ちゃぶ台は昭和の一家団らんを象徴するモノといえます。茶の間の中心にはいつもちゃぶ台がありました。村上節太郎が昭和38年に内子町平岡の実家で撮影した写真にも、ちゃぶ台が写っています。

ちゃぶ台で食事(昭和38年) 

 写真では、少し大ぶりなちゃぶ台を親族一同で囲んでいます。ちゃぶ台の上にはご飯や味噌汁などが並んでいます。普段となんら変わらない食事ですが、大勢で食べると一段とおいしく感じられたものです。
 ところで、企画展「写真でみる昭和の暮らし」では、ちゃぶ台の置かれた茶の間の様子をそっくりそのまま展示室内に再現してみました。

再現された茶の間

 夏の暑い日、家族でだらだら汗を流しながら、カレーライスを食べてる情景をイメージしてみました。カレールウが登場する以前は、肉と野菜を煮たところに、カレー粉とメリケンコを入れて、最後は醤油などで味を調える、素朴なカレーライスがつくられました。
 昭和30年代になると、婦人雑誌の付録にも洋食をテーマにした料理冊子が増えてきます。ちゃぶ台も和食から洋食まで様々な料理で彩られるようになりました。

西条藩松平家の雛飾りの列品

2008年2月17日

 西条藩松平家の雛飾りの列品に取り掛かりました。この雛飾りは、西条藩9代藩主松平頼学(よりさと)のもとに、京都の公家一条家から輿入れした通子(ゆきこ)が持参したものです。通子が頼学のもとに嫁いだのは、文政7(1824)年、19歳の時でした。

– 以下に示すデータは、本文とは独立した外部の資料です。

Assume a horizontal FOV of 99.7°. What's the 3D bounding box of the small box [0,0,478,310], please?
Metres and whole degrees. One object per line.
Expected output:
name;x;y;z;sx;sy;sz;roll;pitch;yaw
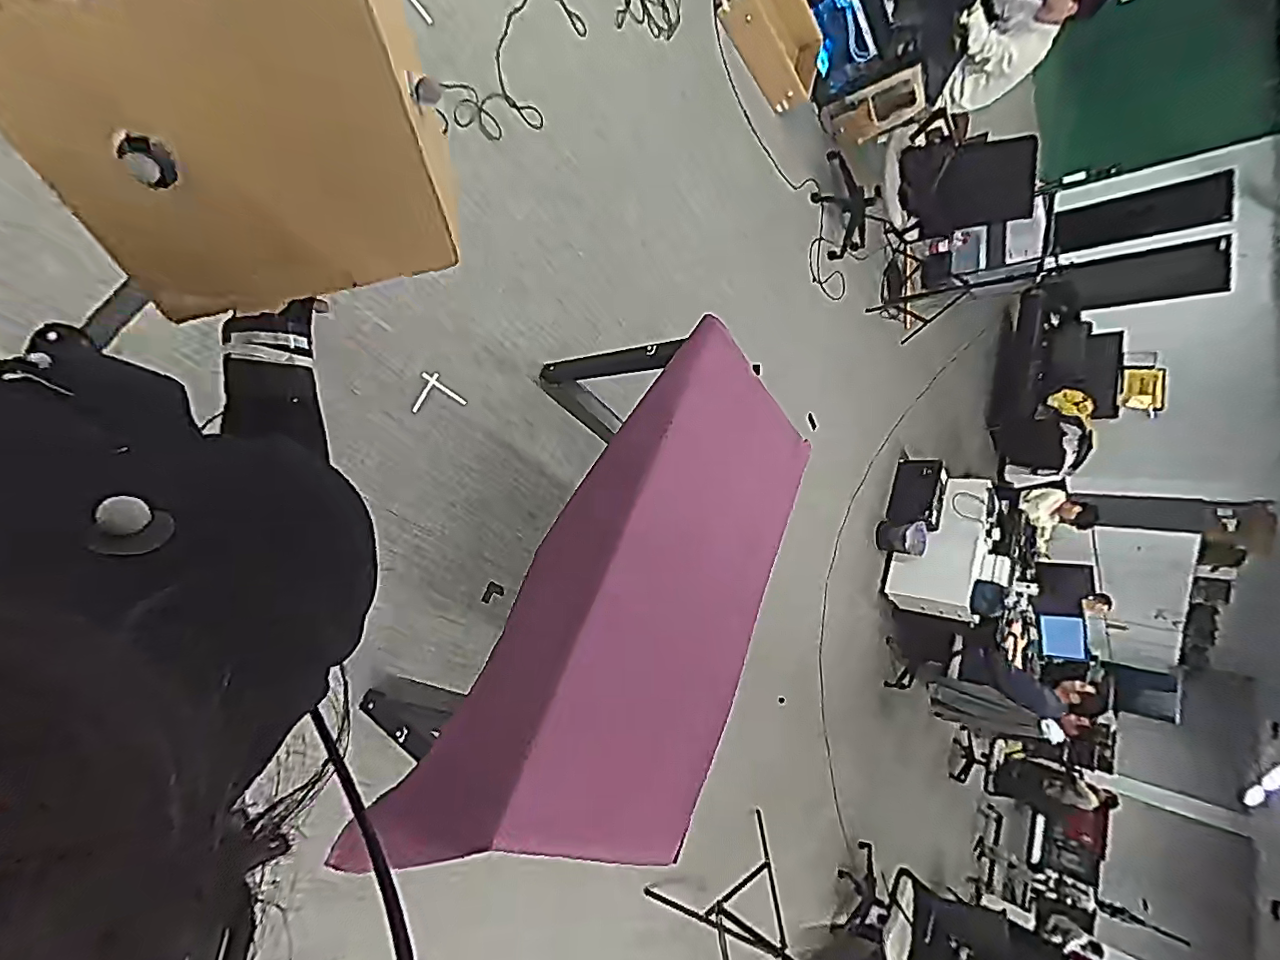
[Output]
small box;-0.198;-0.225;0.296;0.168;0.179;0.176;-13;140;-8
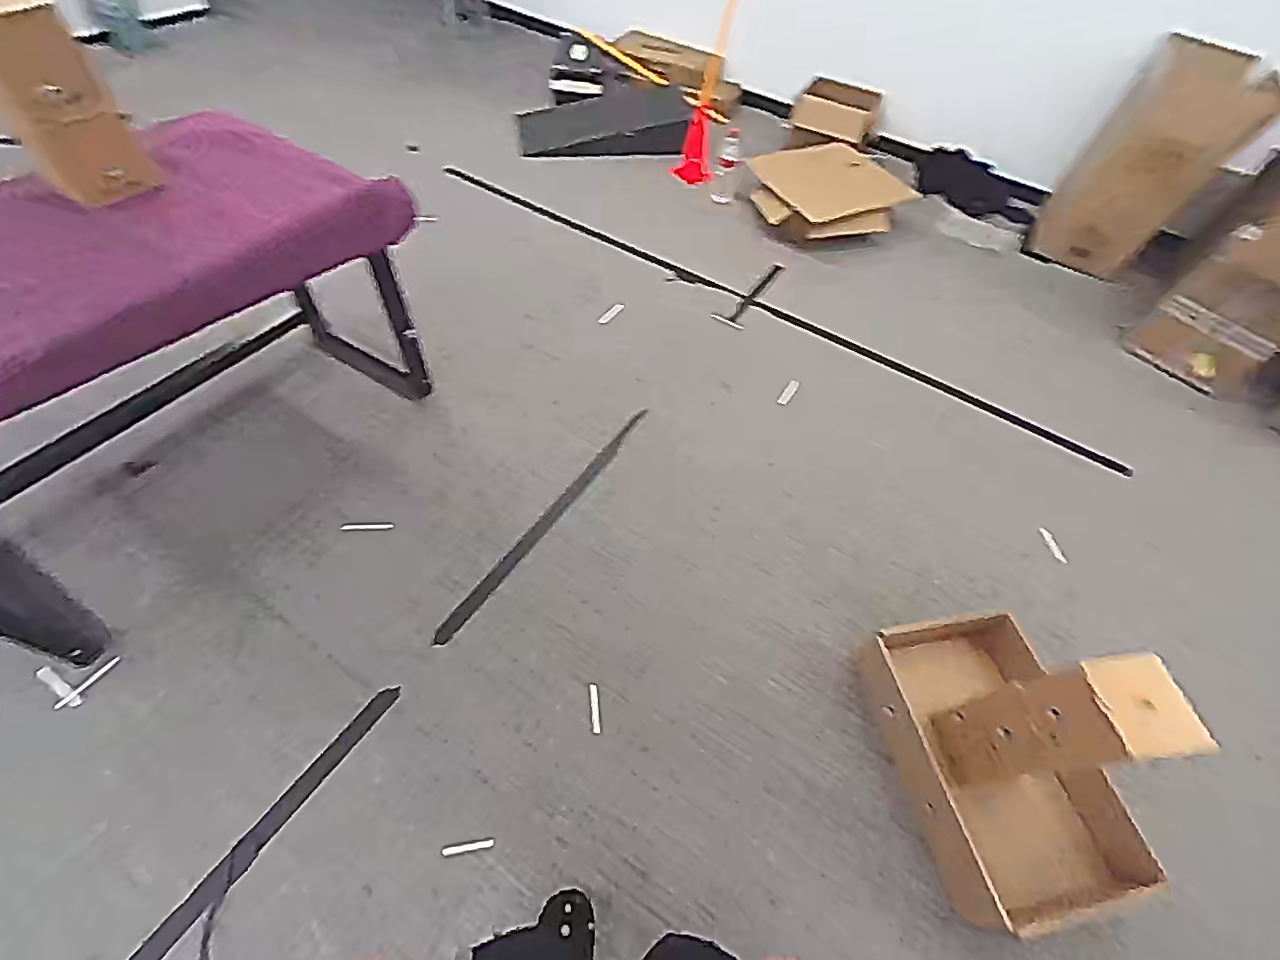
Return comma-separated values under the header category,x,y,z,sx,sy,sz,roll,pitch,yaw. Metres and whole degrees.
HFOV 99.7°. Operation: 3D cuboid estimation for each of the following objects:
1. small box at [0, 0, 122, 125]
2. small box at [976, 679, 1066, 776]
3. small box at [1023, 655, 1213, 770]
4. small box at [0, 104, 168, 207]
category,x,y,z,sx,sy,sz,roll,pitch,yaw
small box,-1.202,-0.832,1.061,0.179,0.176,0.168,29,58,12
small box,0.872,0.535,1.172,0.179,0.176,0.168,-3,56,-8
small box,0.897,0.447,1.036,0.179,0.176,0.168,-3,57,-9
small box,-1.215,-0.734,1.190,0.179,0.176,0.168,31,59,14

 雛道具は大名家のものにふさわしく専用につくられた木箱に収納されています。さらに、木箱の中では黄色の布に包まれており、雛道具がいかに大事に扱われてきたのかが伝わってきます。そして、私たちも小さな御道具の一つ一つを丁寧に箱から取り出していきます。

西条藩の列品作業1

 取り出した御道具を、雛壇の上にバランスよく並べていきます。今年で展示するのもちょうど10回目。どの御道具をどこに置くのかという配置に悩まなくなり、随分短い時間で今年も並べ終わりました。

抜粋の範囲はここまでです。